Dani Rodrik is right in saying that the next phase in capitalism will entail a major change, and the change will mainly account for the increase of globalization.
In my view, that change, more than anything else, will be labor mobility.
Everything else in the world is mobile – capital, technology, products, entire businesses. But one crucial aspect of enterprise isn’t, and that’s people. This has resulted in a severely lopsided globalization process.
Myriad financial arbitrage are currently possible because any globalization initiative potentially increases prosperity in a particular country or sector, while causing social upheaval in another. Inequality arises because while businesses can take their money and technology anywhere in the world, their workers cannot follow suit, or counter with similar moves of their own. And not least, because the politics of nation-states are where the people’s will and sentiment are heard and played out, national politics has the potential to evolve into a force for counter-globalization and anti-international business sentiment.
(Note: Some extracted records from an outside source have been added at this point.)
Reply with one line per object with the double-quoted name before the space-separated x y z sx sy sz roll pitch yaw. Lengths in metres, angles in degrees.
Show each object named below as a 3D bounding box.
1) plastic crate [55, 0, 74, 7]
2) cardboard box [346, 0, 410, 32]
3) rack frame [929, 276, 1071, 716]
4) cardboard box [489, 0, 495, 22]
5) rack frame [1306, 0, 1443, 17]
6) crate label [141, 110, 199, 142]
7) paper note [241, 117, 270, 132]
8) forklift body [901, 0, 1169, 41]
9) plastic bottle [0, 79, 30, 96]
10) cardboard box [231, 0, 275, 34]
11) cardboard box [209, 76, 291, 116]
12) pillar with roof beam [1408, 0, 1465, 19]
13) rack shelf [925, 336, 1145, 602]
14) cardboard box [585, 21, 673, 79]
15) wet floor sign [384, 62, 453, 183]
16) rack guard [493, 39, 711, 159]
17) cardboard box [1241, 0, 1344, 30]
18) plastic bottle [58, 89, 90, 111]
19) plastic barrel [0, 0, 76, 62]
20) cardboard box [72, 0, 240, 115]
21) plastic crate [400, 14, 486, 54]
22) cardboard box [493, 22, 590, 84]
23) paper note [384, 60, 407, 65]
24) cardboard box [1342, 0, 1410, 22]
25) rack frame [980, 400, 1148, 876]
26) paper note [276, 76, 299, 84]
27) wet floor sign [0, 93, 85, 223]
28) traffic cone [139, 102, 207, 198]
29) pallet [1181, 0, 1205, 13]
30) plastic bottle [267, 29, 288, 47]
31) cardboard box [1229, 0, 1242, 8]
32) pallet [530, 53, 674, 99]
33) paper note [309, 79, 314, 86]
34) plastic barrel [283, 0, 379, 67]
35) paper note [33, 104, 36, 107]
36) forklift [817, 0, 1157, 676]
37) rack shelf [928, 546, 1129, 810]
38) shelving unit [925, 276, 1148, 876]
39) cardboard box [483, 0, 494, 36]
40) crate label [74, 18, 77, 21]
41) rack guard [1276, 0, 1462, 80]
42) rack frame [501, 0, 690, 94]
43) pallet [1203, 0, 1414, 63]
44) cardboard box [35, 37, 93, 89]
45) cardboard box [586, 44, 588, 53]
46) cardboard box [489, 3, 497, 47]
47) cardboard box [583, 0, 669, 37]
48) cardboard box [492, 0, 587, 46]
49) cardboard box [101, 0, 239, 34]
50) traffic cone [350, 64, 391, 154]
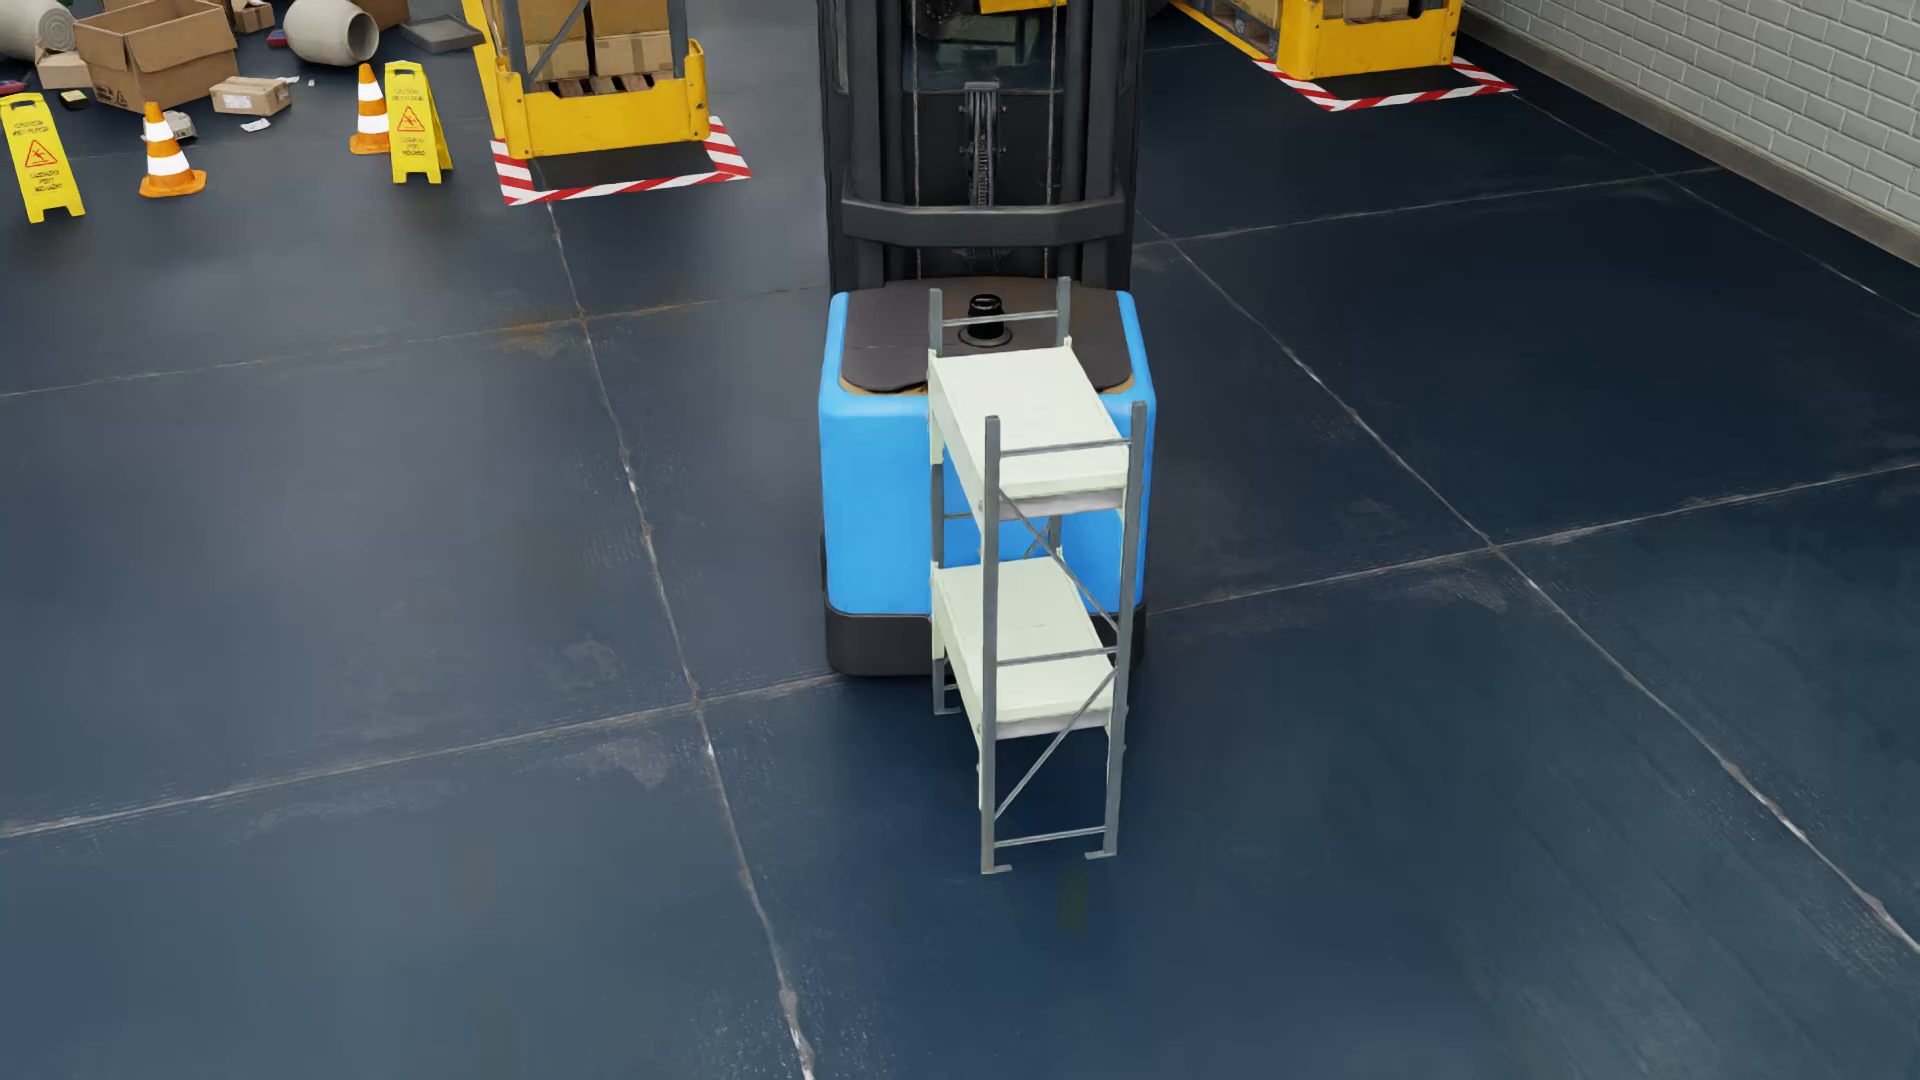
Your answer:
"plastic crate" -6.655 -3.773 11.738 0.450 0.188 0.662 -2 32 16
"cardboard box" -4.241 -3.846 11.614 0.500 0.500 0.500 13 36 18
"rack frame" 0.111 -0.083 5.015 0.400 1.500 0.023 -6 34 -10
"cardboard box" -2.707 -3.570 10.365 0.500 0.500 0.500 -9 34 -13
"rack frame" 2.674 -4.416 10.211 1.000 3.000 0.127 -10 35 -15
"crate label" -4.664 -2.431 9.804 0.298 0.136 0.250 27 42 34
"paper note" -4.236 -2.502 10.008 0.148 0.019 0.142 -23 40 -31
"forklift body" 0.358 -4.750 11.488 2.313 2.155 1.214 -10 35 -15
"plastic bottle" -6.051 -2.862 10.525 0.283 0.061 0.133 -23 40 -31
"cardboard box" -5.068 -3.750 11.684 0.396 0.266 0.258 19 38 26
"cardboard box" -4.376 -2.738 10.258 0.380 0.149 0.250 7 34 10
"pillar with roof beam" -0.780 -6.712 8.244 9.100 9.000 0.400 -10 35 -15
"rack shelf" 0.184 -0.210 4.500 0.431 0.370 0.720 -6 34 -10
"cardboard box" -2.035 -3.077 10.299 0.500 0.250 0.500 -10 35 -15
"wet floor sign" -3.013 -2.317 9.171 0.267 0.644 0.232 1 33 2
"rack guard" -2.076 -2.576 9.695 1.175 0.500 0.348 -10 35 -15
"cardboard box" 2.229 -3.637 11.147 0.500 0.250 0.500 -10 35 -14
"plastic bottle" -5.522 -2.743 10.346 0.133 0.061 0.283 -23 40 -31
"plastic barrel" -6.149 -3.381 10.983 0.512 0.421 0.421 13 36 18
"cardboard box" -4.999 -3.034 10.385 0.637 0.503 0.797 19 38 26
"plastic crate" -3.574 -3.499 11.472 0.402 0.080 0.583 -23 40 -31
"cardboard box" -2.562 -2.999 10.180 0.500 0.250 0.500 -10 35 -15
"paper note" -3.716 -3.152 10.993 0.142 0.019 0.148 -23 40 -31
"cardboard box" 2.710 -3.734 11.294 0.500 0.250 0.500 -10 35 -15
"rack frame" 0.257 0.313 4.416 0.400 1.500 0.023 -6 34 -10
"paper note" -4.353 -2.968 10.724 0.148 0.019 0.142 1 33 2
"wet floor sign" -4.841 -2.029 8.735 0.267 0.644 0.232 -16 37 -23
"traffic cone" -4.365 -2.164 9.105 0.336 0.463 0.334 -10 35 -15
"pallet" 2.032 -4.286 12.545 1.003 0.211 1.213 -10 35 -15
"plastic bottle" -4.665 -3.460 11.431 0.133 0.061 0.283 -4 34 -6
"cardboard box" 2.087 -3.900 11.544 0.500 0.250 0.500 -10 35 -15
"pallet" -2.290 -2.888 10.429 1.003 0.211 1.213 -10 35 -15
"paper note" -4.171 -2.942 10.693 0.032 0.001 0.123 -10 35 -15
"plastic barrel" -4.124 -3.334 10.911 0.512 0.421 0.421 13 36 18
"paper note" -5.754 -2.685 10.304 0.032 0.001 0.123 7 34 10
"forklift" 0.069 -1.555 5.945 1.130 2.935 3.031 0 33 -1
"rack shelf" 0.184 0.387 4.895 0.431 0.370 0.720 -6 34 -10
"shelving unit" 0.184 0.115 4.715 0.431 1.500 0.755 -6 34 -10
"cardboard box" -2.871 -3.533 10.989 0.500 0.250 0.500 -11 35 -16
"crate label" -6.226 -3.518 11.449 0.250 0.136 0.298 19 38 26
"rack guard" 2.681 -3.360 10.881 1.175 0.500 0.348 -10 35 -15
"rack frame" -2.052 -3.579 8.945 1.000 3.000 0.127 -10 35 -15
"pallet" 2.401 -3.647 11.577 1.003 0.211 1.213 -10 35 -15
"cardboard box" -5.677 -3.060 10.640 0.396 0.266 0.258 -4 34 -6
"cardboard box" -2.184 -3.346 10.706 0.500 0.250 0.500 -9 34 -13
"cardboard box" -2.706 -3.259 10.575 0.500 0.250 0.500 -10 35 -15
"cardboard box" -2.043 -3.402 10.111 0.500 0.500 0.500 -11 35 -16
"cardboard box" -2.545 -3.297 9.951 0.500 0.500 0.500 -10 35 -14
"cardboard box" -5.292 -3.580 11.088 0.797 0.637 0.503 -10 35 -15
"traffic cone" -3.412 -2.529 9.658 0.336 0.463 0.334 -10 35 -15

Think about it. Much of economic policies formed at the national level could be interpreted as “beggar-thy-neighbor” at some level. A loose monetary policy in one country affects the capital allocation in another, and a tight policy determines trade policy in others. An aggressive fiscal program can trigger similar moves in others, or have unintended consequences on those unable to do so. Currency controls in one country affects consumption patterns in trading partners, while inflation targets in other countries affects employment and purchasing parity in still others.
All this is true because people cannot mitigate the effects of a relatively-more benign policy in one region by migrating to it, or mute the harsh consequences of a neighbour country’s (competing or trading partner) actions, by piling on to that country.
Countries currently compete to attract capital and technology, but not a lot also compete to attract labor.
Countries try to increase their earnings by increasing net exports. But taken on the whole, an increase in one country will have to result in a balancing increase in another’s imports. The country increasing its earnings will theoretically have more kitty that be divided among its populace, while the other country that loses will have less. The improved country meanwhile, does not have to worry about foreign people suddenly surging toward its borders seeking to join in its successful earnings initiative.
So we either start to see less globalization, or we will gradually start seeing borders coming down over the coming decades. The twenty first century could well go down in history as the era of decline of the nation-state.